◆ How to complete this task
Please return all of the entries below exactly as they are written.

[Opening Dataset excerpts section]

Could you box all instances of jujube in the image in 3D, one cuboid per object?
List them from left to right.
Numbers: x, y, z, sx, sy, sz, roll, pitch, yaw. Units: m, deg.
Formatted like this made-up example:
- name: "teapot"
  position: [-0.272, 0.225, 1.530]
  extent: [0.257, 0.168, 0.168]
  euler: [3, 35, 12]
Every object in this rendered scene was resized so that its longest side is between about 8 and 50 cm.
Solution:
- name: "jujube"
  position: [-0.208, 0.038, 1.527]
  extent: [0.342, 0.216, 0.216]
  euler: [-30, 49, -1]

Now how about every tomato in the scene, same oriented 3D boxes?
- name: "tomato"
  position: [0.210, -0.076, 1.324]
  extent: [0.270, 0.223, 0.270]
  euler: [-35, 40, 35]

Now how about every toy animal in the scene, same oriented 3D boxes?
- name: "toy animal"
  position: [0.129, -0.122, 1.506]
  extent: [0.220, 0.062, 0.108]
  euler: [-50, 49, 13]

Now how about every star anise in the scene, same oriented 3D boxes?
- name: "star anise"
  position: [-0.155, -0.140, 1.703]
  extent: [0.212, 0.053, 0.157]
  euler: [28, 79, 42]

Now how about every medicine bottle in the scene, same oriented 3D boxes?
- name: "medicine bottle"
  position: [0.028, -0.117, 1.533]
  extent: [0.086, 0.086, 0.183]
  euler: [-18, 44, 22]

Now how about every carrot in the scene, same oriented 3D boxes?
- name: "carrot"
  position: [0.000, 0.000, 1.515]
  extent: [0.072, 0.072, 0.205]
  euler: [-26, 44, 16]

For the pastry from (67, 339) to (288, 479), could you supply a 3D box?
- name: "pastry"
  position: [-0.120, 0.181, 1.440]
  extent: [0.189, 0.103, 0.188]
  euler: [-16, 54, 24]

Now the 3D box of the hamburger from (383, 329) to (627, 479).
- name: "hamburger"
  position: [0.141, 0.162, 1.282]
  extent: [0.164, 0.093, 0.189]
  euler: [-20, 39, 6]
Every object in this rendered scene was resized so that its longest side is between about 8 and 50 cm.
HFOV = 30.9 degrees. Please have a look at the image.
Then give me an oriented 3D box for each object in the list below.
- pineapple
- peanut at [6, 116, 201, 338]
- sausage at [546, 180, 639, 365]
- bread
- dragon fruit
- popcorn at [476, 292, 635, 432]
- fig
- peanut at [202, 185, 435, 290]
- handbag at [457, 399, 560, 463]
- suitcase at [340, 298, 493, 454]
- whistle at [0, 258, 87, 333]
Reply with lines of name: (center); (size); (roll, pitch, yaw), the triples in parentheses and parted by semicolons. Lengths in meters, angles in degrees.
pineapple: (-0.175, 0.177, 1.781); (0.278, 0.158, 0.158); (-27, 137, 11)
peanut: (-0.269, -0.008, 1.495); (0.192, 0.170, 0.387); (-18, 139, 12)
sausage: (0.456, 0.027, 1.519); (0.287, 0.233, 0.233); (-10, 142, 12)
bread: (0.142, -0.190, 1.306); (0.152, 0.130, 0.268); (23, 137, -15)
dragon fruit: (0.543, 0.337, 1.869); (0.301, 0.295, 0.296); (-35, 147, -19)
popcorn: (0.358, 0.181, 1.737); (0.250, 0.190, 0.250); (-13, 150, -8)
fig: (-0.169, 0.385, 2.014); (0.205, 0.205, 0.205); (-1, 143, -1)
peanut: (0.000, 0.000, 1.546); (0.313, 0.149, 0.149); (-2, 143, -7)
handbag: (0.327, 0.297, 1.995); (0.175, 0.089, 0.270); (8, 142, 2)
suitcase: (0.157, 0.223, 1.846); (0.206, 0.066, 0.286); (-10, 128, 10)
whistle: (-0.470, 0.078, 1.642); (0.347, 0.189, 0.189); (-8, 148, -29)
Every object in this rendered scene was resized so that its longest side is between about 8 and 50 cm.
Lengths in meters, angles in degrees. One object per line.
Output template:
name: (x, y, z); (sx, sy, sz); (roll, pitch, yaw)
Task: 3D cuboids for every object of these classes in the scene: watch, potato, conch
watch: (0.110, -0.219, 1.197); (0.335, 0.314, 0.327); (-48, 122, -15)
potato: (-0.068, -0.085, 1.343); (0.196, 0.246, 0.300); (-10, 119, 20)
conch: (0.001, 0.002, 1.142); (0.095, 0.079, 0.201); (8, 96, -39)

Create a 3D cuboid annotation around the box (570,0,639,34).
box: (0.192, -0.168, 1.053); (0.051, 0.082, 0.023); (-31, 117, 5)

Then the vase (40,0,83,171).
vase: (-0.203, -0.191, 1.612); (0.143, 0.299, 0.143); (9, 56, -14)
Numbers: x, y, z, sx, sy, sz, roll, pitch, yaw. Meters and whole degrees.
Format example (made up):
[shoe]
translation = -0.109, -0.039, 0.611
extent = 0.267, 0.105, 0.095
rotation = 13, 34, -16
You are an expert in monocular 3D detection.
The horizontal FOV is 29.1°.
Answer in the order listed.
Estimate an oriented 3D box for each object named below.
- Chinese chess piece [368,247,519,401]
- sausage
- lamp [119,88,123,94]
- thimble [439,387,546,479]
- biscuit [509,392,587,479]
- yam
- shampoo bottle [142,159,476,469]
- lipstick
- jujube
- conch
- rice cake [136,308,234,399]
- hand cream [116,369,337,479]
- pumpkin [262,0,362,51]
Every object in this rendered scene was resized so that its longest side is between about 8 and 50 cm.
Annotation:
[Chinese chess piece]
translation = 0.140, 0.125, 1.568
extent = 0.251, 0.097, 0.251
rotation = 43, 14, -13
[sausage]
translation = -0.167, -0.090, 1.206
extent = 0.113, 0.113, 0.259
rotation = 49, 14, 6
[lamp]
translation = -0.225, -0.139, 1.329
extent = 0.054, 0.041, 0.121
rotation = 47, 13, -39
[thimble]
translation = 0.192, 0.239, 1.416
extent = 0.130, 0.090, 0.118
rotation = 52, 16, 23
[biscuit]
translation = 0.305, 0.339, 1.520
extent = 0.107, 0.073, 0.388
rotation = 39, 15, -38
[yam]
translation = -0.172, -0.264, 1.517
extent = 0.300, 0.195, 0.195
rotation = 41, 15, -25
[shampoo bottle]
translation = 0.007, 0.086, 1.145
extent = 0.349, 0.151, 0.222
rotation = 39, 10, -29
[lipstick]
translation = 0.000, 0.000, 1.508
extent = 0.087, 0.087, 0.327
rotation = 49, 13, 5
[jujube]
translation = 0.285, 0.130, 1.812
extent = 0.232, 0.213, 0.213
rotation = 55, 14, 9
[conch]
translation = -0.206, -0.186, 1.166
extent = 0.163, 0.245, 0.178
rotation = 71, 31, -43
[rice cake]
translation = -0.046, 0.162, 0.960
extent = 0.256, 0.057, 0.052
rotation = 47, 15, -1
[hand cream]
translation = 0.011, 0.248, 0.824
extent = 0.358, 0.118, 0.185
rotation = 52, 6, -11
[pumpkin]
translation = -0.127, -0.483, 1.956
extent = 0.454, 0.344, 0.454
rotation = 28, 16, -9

[Closing Dataset excerpts section]

◆ Answer to the exercise
Could you box all instances of jujube in the image in 3D, one cuboid per object?
List them from left to right.
Numbers: x, y, z, sx, sy, sz, roll, pitch, yaw. Units: m, deg.
Formatted like this made-up example:
- name: "teapot"
  position: [-0.272, 0.225, 1.530]
  extent: [0.257, 0.168, 0.168]
  euler: [3, 35, 12]
Every object in this rendered scene was resized so that its longest side is between about 8 and 50 cm.
Solution:
- name: "jujube"
  position: [-0.208, 0.038, 1.527]
  extent: [0.342, 0.216, 0.216]
  euler: [-30, 49, -1]

Now how about every tomato in the scene, same oriented 3D boxes?
- name: "tomato"
  position: [0.210, -0.076, 1.324]
  extent: [0.270, 0.223, 0.270]
  euler: [-35, 40, 35]

Now how about every toy animal in the scene, same oriented 3D boxes?
- name: "toy animal"
  position: [0.129, -0.122, 1.506]
  extent: [0.220, 0.062, 0.108]
  euler: [-50, 49, 13]

Now how about every star anise in the scene, same oriented 3D boxes?
- name: "star anise"
  position: [-0.155, -0.140, 1.703]
  extent: [0.212, 0.053, 0.157]
  euler: [28, 79, 42]

Now how about every medicine bottle in the scene, same oriented 3D boxes?
- name: "medicine bottle"
  position: [0.028, -0.117, 1.533]
  extent: [0.086, 0.086, 0.183]
  euler: [-18, 44, 22]

Now how about every carrot in the scene, same oriented 3D boxes?
- name: "carrot"
  position: [0.000, 0.000, 1.515]
  extent: [0.072, 0.072, 0.205]
  euler: [-26, 44, 16]

For the pastry from (67, 339) to (288, 479), could you supply a 3D box?
- name: "pastry"
  position: [-0.120, 0.181, 1.440]
  extent: [0.189, 0.103, 0.188]
  euler: [-16, 54, 24]

Now the 3D box of the hamburger from (383, 329) to (627, 479).
- name: "hamburger"
  position: [0.141, 0.162, 1.282]
  extent: [0.164, 0.093, 0.189]
  euler: [-20, 39, 6]
Every object in this rendered scene was resized so that its longest side is between about 8 and 50 cm.
HFOV = 30.9 degrees. Please have a look at the image.
Then give me an oriented 3D box for each object in the list below.
- pineapple
- peanut at [6, 116, 201, 338]
- sausage at [546, 180, 639, 365]
- bread
- dragon fruit
- popcorn at [476, 292, 635, 432]
- fig
- peanut at [202, 185, 435, 290]
- handbag at [457, 399, 560, 463]
- suitcase at [340, 298, 493, 454]
- whistle at [0, 258, 87, 333]
Reply with lines of name: (center); (size); (roll, pitch, yaw), the triples in parentheses and parted by semicolons. Lengths in meters, angles in degrees.
pineapple: (-0.175, 0.177, 1.781); (0.278, 0.158, 0.158); (-27, 137, 11)
peanut: (-0.269, -0.008, 1.495); (0.192, 0.170, 0.387); (-18, 139, 12)
sausage: (0.456, 0.027, 1.519); (0.287, 0.233, 0.233); (-10, 142, 12)
bread: (0.142, -0.190, 1.306); (0.152, 0.130, 0.268); (23, 137, -15)
dragon fruit: (0.543, 0.337, 1.869); (0.301, 0.295, 0.296); (-35, 147, -19)
popcorn: (0.358, 0.181, 1.737); (0.250, 0.190, 0.250); (-13, 150, -8)
fig: (-0.169, 0.385, 2.014); (0.205, 0.205, 0.205); (-1, 143, -1)
peanut: (0.000, 0.000, 1.546); (0.313, 0.149, 0.149); (-2, 143, -7)
handbag: (0.327, 0.297, 1.995); (0.175, 0.089, 0.270); (8, 142, 2)
suitcase: (0.157, 0.223, 1.846); (0.206, 0.066, 0.286); (-10, 128, 10)
whistle: (-0.470, 0.078, 1.642); (0.347, 0.189, 0.189); (-8, 148, -29)
Every object in this rendered scene was resized so that its longest side is between about 8 and 50 cm.
Lengths in meters, angles in degrees. One object per line.
Output template:
name: (x, y, z); (sx, sy, sz); (roll, pitch, yaw)
Task: 3D cuboids for every object of these classes in the scene: watch, potato, conch
watch: (0.110, -0.219, 1.197); (0.335, 0.314, 0.327); (-48, 122, -15)
potato: (-0.068, -0.085, 1.343); (0.196, 0.246, 0.300); (-10, 119, 20)
conch: (0.001, 0.002, 1.142); (0.095, 0.079, 0.201); (8, 96, -39)

Create a 3D cuboid annotation around the box (570,0,639,34).
box: (0.192, -0.168, 1.053); (0.051, 0.082, 0.023); (-31, 117, 5)

Then the vase (40,0,83,171).
vase: (-0.203, -0.191, 1.612); (0.143, 0.299, 0.143); (9, 56, -14)
Numbers: x, y, z, sx, sy, sz, roll, pitch, yaw. Meters and whole degrees.
Format example (made up):
[shoe]
translation = -0.109, -0.039, 0.611
extent = 0.267, 0.105, 0.095
rotation = 13, 34, -16
You are an expert in monocular 3D detection.
The horizontal FOV is 29.1°.
Answer in the order listed.
Estimate an oriented 3D box for each object named below.
- Chinese chess piece [368,247,519,401]
- sausage
- lamp [119,88,123,94]
- thimble [439,387,546,479]
- biscuit [509,392,587,479]
- yam
- shampoo bottle [142,159,476,469]
- lipstick
- jujube
- conch
- rice cake [136,308,234,399]
- hand cream [116,369,337,479]
- pumpkin [262,0,362,51]
Every object in this rendered scene was resized so that its longest side is between about 8 and 50 cm.
Annotation:
[Chinese chess piece]
translation = 0.140, 0.125, 1.568
extent = 0.251, 0.097, 0.251
rotation = 43, 14, -13
[sausage]
translation = -0.167, -0.090, 1.206
extent = 0.113, 0.113, 0.259
rotation = 49, 14, 6
[lamp]
translation = -0.225, -0.139, 1.329
extent = 0.054, 0.041, 0.121
rotation = 47, 13, -39
[thimble]
translation = 0.192, 0.239, 1.416
extent = 0.130, 0.090, 0.118
rotation = 52, 16, 23
[biscuit]
translation = 0.305, 0.339, 1.520
extent = 0.107, 0.073, 0.388
rotation = 39, 15, -38
[yam]
translation = -0.172, -0.264, 1.517
extent = 0.300, 0.195, 0.195
rotation = 41, 15, -25
[shampoo bottle]
translation = 0.007, 0.086, 1.145
extent = 0.349, 0.151, 0.222
rotation = 39, 10, -29
[lipstick]
translation = 0.000, 0.000, 1.508
extent = 0.087, 0.087, 0.327
rotation = 49, 13, 5
[jujube]
translation = 0.285, 0.130, 1.812
extent = 0.232, 0.213, 0.213
rotation = 55, 14, 9
[conch]
translation = -0.206, -0.186, 1.166
extent = 0.163, 0.245, 0.178
rotation = 71, 31, -43
[rice cake]
translation = -0.046, 0.162, 0.960
extent = 0.256, 0.057, 0.052
rotation = 47, 15, -1
[hand cream]
translation = 0.011, 0.248, 0.824
extent = 0.358, 0.118, 0.185
rotation = 52, 6, -11
[pumpkin]
translation = -0.127, -0.483, 1.956
extent = 0.454, 0.344, 0.454
rotation = 28, 16, -9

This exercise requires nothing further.